I have a question: how many of you have noticed that at the end of the spring semester, universities (or departments) get a little squirrelly?
Maybe some issue comes along that wouldn't rattle anyone in the fall, but in the spring everyone starts sending furious emails about it.
Or maybe a department meeting gets very tense all of a sudden over a seemingly minor issue.
Or everyone gets in an uproar about some announced policy that's been around for ages but now is seen as the decline of civilization and the end of Truly Serving the Purposes of a Liberal Education.
I can't describe it any better than this, but in my house, we call it the annual spring madness and all but place bets on when it will strike. I've seen it wherever I've taught, so it's not limited to one place. Have you seen it, too?
5 comments:
Yes.
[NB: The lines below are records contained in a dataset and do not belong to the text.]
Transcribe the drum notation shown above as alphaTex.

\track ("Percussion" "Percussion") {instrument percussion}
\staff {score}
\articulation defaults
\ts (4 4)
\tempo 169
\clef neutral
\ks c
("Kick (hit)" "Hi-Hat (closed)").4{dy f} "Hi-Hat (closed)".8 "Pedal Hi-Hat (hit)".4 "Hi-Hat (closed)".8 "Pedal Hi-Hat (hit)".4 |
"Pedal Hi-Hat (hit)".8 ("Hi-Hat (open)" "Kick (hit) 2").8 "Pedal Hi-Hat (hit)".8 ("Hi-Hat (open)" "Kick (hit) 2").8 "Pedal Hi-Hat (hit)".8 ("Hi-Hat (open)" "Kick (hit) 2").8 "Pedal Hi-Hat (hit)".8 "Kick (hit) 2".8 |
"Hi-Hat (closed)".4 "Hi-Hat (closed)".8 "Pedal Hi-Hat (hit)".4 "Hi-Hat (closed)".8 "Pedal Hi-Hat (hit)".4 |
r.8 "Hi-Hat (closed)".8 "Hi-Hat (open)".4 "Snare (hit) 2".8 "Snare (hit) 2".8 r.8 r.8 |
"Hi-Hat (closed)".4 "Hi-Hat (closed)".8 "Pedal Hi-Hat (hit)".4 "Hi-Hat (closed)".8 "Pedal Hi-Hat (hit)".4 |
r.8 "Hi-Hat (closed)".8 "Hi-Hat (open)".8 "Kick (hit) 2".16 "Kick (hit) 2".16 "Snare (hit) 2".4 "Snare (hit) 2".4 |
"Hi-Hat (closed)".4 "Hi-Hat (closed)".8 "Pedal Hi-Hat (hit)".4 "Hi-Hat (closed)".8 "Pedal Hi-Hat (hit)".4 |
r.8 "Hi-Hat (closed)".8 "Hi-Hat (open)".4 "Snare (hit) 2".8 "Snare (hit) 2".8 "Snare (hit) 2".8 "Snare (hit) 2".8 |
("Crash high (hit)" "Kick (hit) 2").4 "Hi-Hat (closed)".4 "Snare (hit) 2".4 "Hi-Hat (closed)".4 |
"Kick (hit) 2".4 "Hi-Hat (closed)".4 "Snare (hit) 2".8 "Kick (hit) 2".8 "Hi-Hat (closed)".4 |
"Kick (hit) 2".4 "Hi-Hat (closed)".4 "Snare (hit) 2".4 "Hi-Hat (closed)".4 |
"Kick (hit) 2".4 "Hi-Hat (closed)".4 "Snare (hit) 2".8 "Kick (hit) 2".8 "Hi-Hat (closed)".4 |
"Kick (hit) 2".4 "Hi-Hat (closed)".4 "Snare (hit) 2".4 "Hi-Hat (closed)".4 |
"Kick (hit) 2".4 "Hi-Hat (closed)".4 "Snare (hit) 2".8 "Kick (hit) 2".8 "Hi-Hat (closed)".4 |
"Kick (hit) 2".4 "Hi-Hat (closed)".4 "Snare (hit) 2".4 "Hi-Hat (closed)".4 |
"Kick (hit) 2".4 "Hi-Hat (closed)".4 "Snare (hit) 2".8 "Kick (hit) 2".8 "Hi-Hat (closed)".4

We like the term, "Hatepril." :D
Yes, today, more than once.
I suspect Hatepril might owe something to the weather. Particularly here in northern climes, the end of the semester comes just as winter is finally breaking, and I know I for one do NOT want to read another email, sit in another meeting, grade another paper when there's sunshine and a warm breeze outside.
Just a theory, but I suspect we start behaving badly in April for the same reasons our students do.
April is indeed the cruelest month.
But now I just want to call it "Hatepril." So great!
N and m and ink m: hatepril--ha!
Prefacer.. More than once in a day? Yikes.
Michelle,that makes sense to me, except that I'd think people would be more happy rather than less.